The Polygon network allows you to execute almost all of the same functions as Ethereum, but with fees that are significantly lower.

What is MATIC?

Matic is the native cryptocurrency to the Polygon network and gets its name from the platform's former name. MATIC is a utility token centred around providing governance rights and securing the network, as well as being used for staking and gas fees on the platform. 

As a sidechain, it runs parallel to Ethereum. It's used for fees, staking, and more. Polygon is a "layer two" or "sidechain" scaling solution that runs alongside the Ethereum blockchain - allowing for speedy transactions and low fees. The end goal of Polygon is to achieve millions of transactions per second.

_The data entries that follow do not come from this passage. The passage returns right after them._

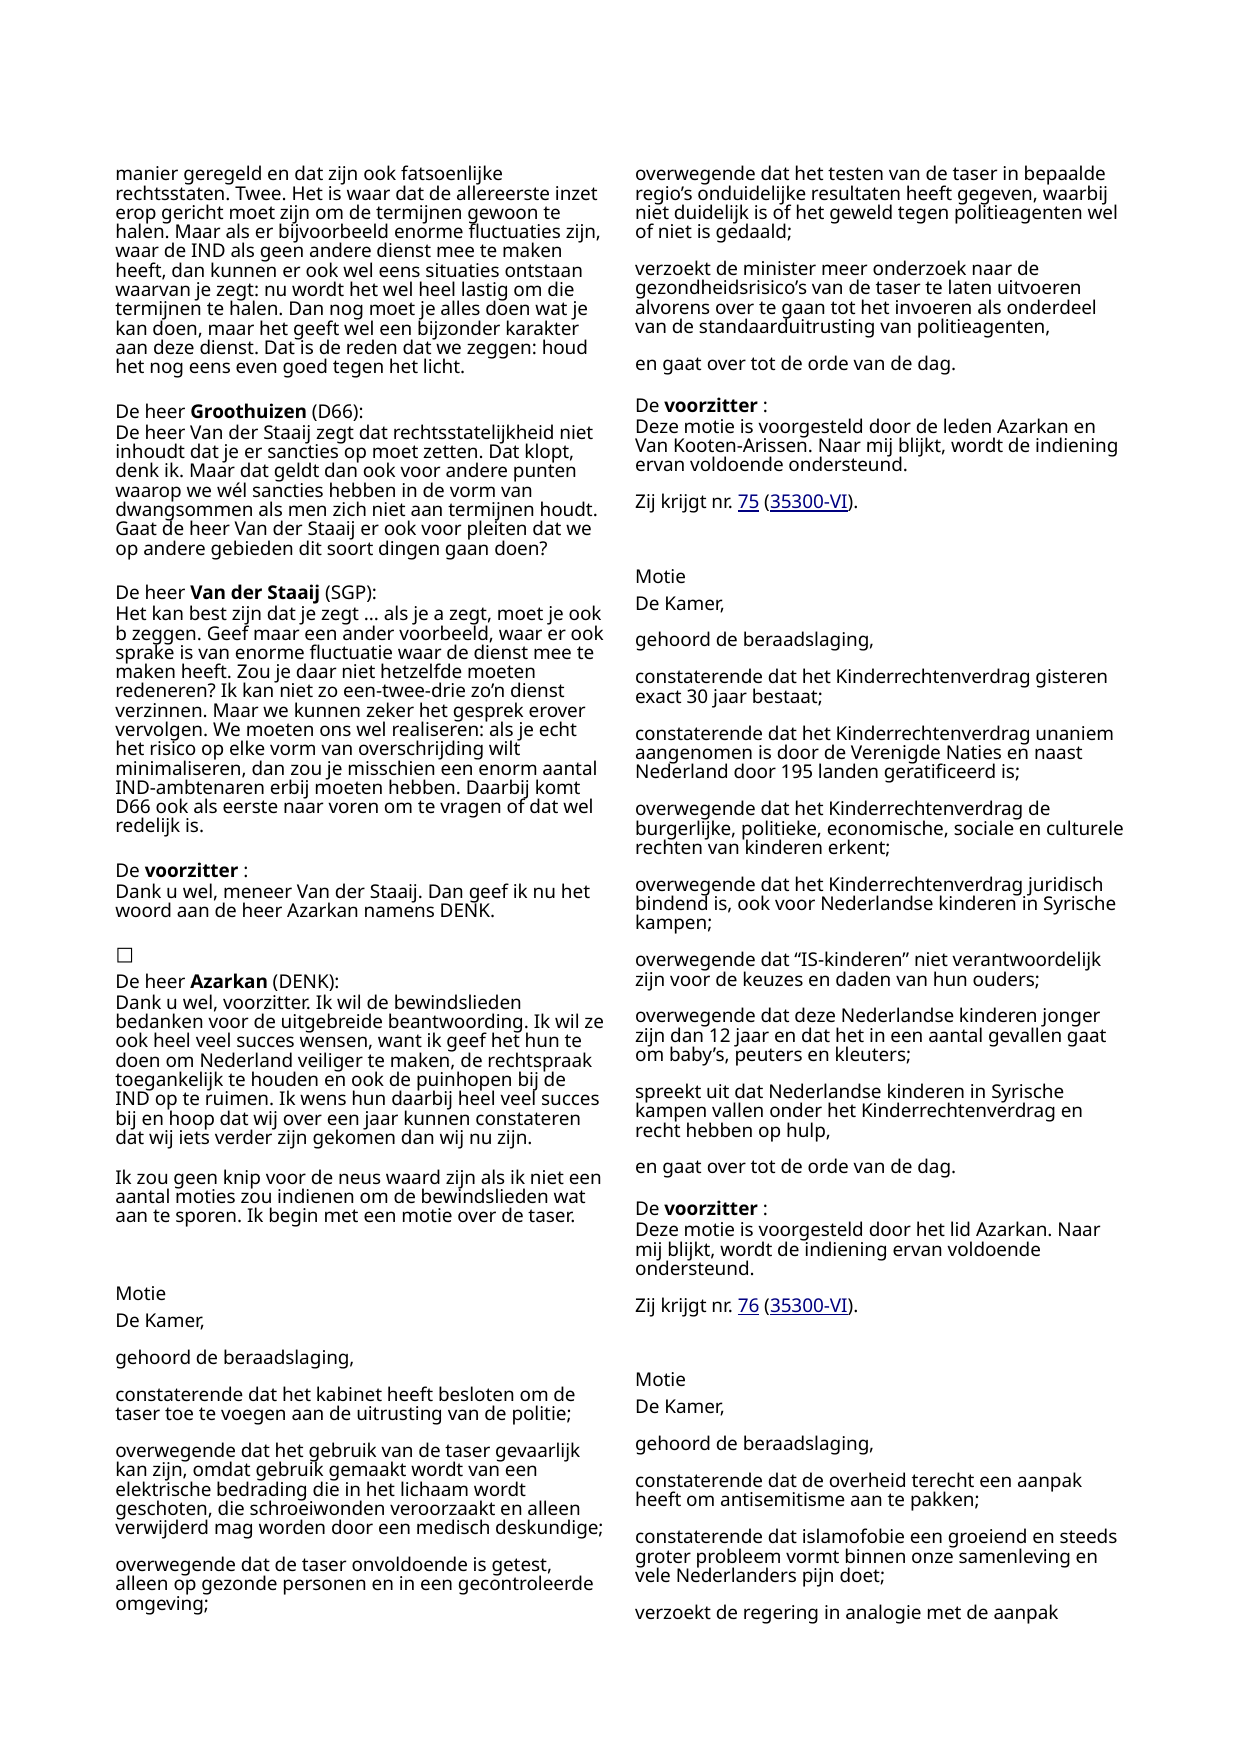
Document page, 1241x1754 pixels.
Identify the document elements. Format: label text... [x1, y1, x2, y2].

text De heer Groothuizen (D66): [115, 398, 605, 424]
text overwegende dat “IS-kinderen” niet verantwoordelijk zijn voor de keuzes en daden van hun ouders; [635, 951, 1125, 990]
text De Kamer, [635, 1398, 1125, 1417]
text De voorzitter : [635, 392, 1125, 418]
text constaterende dat het Kinderrechtenverdrag gisteren exact 30 jaar bestaat; [635, 668, 1125, 707]
text constaterende dat islamofobie een groeiend en steeds groter probleem vormt binnen onze samenleving en vele Nederlanders pijn doet; [635, 1528, 1125, 1586]
text overwegende dat de taser onvoldoende is getest, alleen op gezonde personen en in een gecontroleerde omgeving; [115, 1556, 605, 1614]
text Dank u wel, meneer Van der Staaij. Dan geef ik nu het woord aan de heer Azarkan namens DENK. [115, 883, 605, 922]
text overwegende dat deze Nederlandse kinderen jonger zijn dan 12 jaar en dat het in een aantal gevallen gaat om baby’s, peuters en kleuters; [635, 1007, 1125, 1065]
text manier geregeld en dat zijn ook fatsoenlijke rechtsstaten. Twee. Het is waar dat de allereerste inzet erop gericht moet zijn om de termijnen gewoon te halen. Maar als er bijvoorbeeld enorme fluctuaties zijn, waar de IND als geen andere dienst mee te maken heeft, dan kunnen er ook wel eens situaties ontstaan waarvan je zegt: nu wordt het wel heel lastig om die termijnen te halen. Dan nog moet je alles doen wat je kan doen, maar het geeft wel een bijzonder karakter aan deze dienst. Dat is de reden dat we zeggen: houd het nog eens even goed tegen het licht. [115, 165, 605, 377]
text spreekt uit dat Nederlandse kinderen in Syrische kampen vallen onder het Kinderrechtenverdrag en recht hebben op hulp, [635, 1083, 1125, 1141]
text Motie [635, 1366, 1125, 1392]
text en gaat over tot de orde van de dag. [635, 1158, 1125, 1178]
text constaterende dat de overheid terecht een aanpak heeft om antisemitisme aan te pakken; [635, 1472, 1125, 1511]
text verzoekt de regering in analogie met de aanpak [635, 1604, 1125, 1623]
text en gaat over tot de orde van de dag. [635, 355, 1125, 374]
text gehoord de beraadslaging, [635, 631, 1125, 651]
text Zij krijgt nr. 76 (35300-VI). [635, 1297, 1125, 1316]
text Deze motie is voorgesteld door de leden Azarkan en Van Kooten-Arissen. Naar mij blijkt, wordt de indiening ervan voldoende ondersteund. [635, 418, 1125, 475]
text constaterende dat het kabinet heeft besloten om de taser toe te voegen aan de uitrusting van de politie; [115, 1386, 605, 1424]
text gehoord de beraadslaging, [635, 1435, 1125, 1454]
text overwegende dat het gebruik van de taser gevaarlijk kan zijn, omdat gebruik gemaakt wordt van een elektrische bedrading die in het lichaam wordt geschoten, die schroeiwonden veroorzaakt en alleen verwijderd mag worden door een medisch deskundige; [115, 1442, 605, 1538]
text overwegende dat het Kinderrechtenverdrag de burgerlijke, politieke, economische, sociale en culturele rechten van kinderen erkent; [635, 800, 1125, 858]
text Het kan best zijn dat je zegt ... als je a zegt, moet je ook b zeggen. Geef maar een ander voorbeeld, waar er ook sprake is van enorme fluctuatie waar de dienst mee te maken heeft. Zou je daar niet hetzelfde moeten redeneren? Ik kan niet zo een-twee-drie zo’n dienst verzinnen. Maar we kunnen zeker het gesprek erover vervolgen. We moeten ons wel realiseren: als je echt het risico op elke vorm van overschrijding wilt minimaliseren, dan zou je misschien een enorm aantal IND-ambtenaren erbij moeten hebben. Daarbij komt D66 ook als eerste naar voren om te vragen of dat wel redelijk is. [115, 605, 605, 837]
text De voorzitter : [115, 857, 605, 883]
text Deze motie is voorgesteld door het lid Azarkan. Naar mij blijkt, wordt de indiening ervan voldoende ondersteund. [635, 1221, 1125, 1279]
text constaterende dat het Kinderrechtenverdrag unaniem aangenomen is door de Verenigde Naties en naast Nederland door 195 landen geratificeerd is; [635, 725, 1125, 782]
text Motie [635, 563, 1125, 588]
text De heer Van der Staaij zegt dat rechtsstatelijkheid niet inhoudt dat je er sancties op moet zetten. Dat klopt, denk ik. Maar dat geldt dan ook voor andere punten waarop we wél sancties hebben in de vorm van dwangsommen als men zich niet aan termijnen houdt. Gaat de heer Van der Staaij er ook voor pleiten dat we op andere gebieden dit soort dingen gaan doen? [115, 424, 605, 559]
text overwegende dat het Kinderrechtenverdrag juridisch bindend is, ook voor Nederlandse kinderen in Syrische kampen; [635, 876, 1125, 933]
text De Kamer, [635, 594, 1125, 614]
text De heer Azarkan (DENK): [115, 968, 605, 994]
text Dank u wel, voorzitter. Ik wil de bewindslieden bedanken voor de uitgebreide beantwoording. Ik wil ze ook heel veel succes wensen, want ik geef het hun te doen om Nederland veiliger te maken, de rechtspraak toegankelijk te houden en ook de puinhopen bij de IND op te ruimen. Ik wens hun daarbij heel veel succes bij en hoop dat wij over een jaar kunnen constateren dat wij iets verder zijn gekomen dan wij nu zijn. [115, 994, 605, 1148]
text overwegende dat het testen van de taser in bepaalde regio’s onduidelijke resultaten heeft gegeven, waarbij niet duidelijk is of het geweld tegen politieagenten wel of niet is gedaald; [635, 165, 1125, 242]
text De heer Van der Staaij (SGP): [115, 579, 605, 605]
text Motie [115, 1280, 605, 1306]
text Zij krijgt nr. 75 (35300-VI). [635, 493, 1125, 512]
text gehoord de beraadslaging, [115, 1349, 605, 1368]
text verzoekt de minister meer onderzoek naar de gezondheidsrisico’s van de taser te laten uitvoeren alvorens over te gaan tot het invoeren als onderdeel van de standaarduitrusting van politieagenten, [635, 260, 1125, 337]
text ⬜ [115, 942, 605, 968]
text De Kamer, [115, 1312, 605, 1331]
text De voorzitter : [635, 1196, 1125, 1221]
text Ik zou geen knip voor de neus waard zijn als ik niet een aantal moties zou indienen om de bewindslieden wat aan te sporen. Ik begin met een motie over de taser. [115, 1169, 605, 1227]

The Polygon Network uses its own cryptocurrency, MATIC, to pay fees on the network, for staking, and for governance (meaning holders of the token get to vote on changes). The acronym MATIC is derived from Polygon's earlier days. Polygon was launched as Matic Network in October 2017, but developers changed their name to Polygon in early 2021.

Polygon's MATIC token is an ERC-20 standard utility token based on Ethereum. The token allows for low fees and instant transactions, just like the rest of the Polygon ecosystem. The maximum supply of MATIC is 10 billion coins, with new coins released into circulation on a monthly basis. At the time of writing roughly 70% of this total supply has entered circulation with all coins scheduled to be released into circulation by December 2022, according to the official schedule. With a maximum supply capped at 10 billion, this is making MATIC deflationary.

What factors can affect the price of Polygon (MATIC)?

There are several factors affecting the price of the Polygon token, MATIC. The most pressing factors are the demand for the token (people buying and selling the cryptocurrency) and the number of users looking to participate in staking.

Other factors include the general crypto-economics, the market sentiment, the project's fundamental and technical developments, the news surrounding both the MATIC market and cryptocurrency market in general, and how actively the token is traded on exchanges. Regulation announcements also typically affect the price of cryptocurrencies and should be monitored accordingly.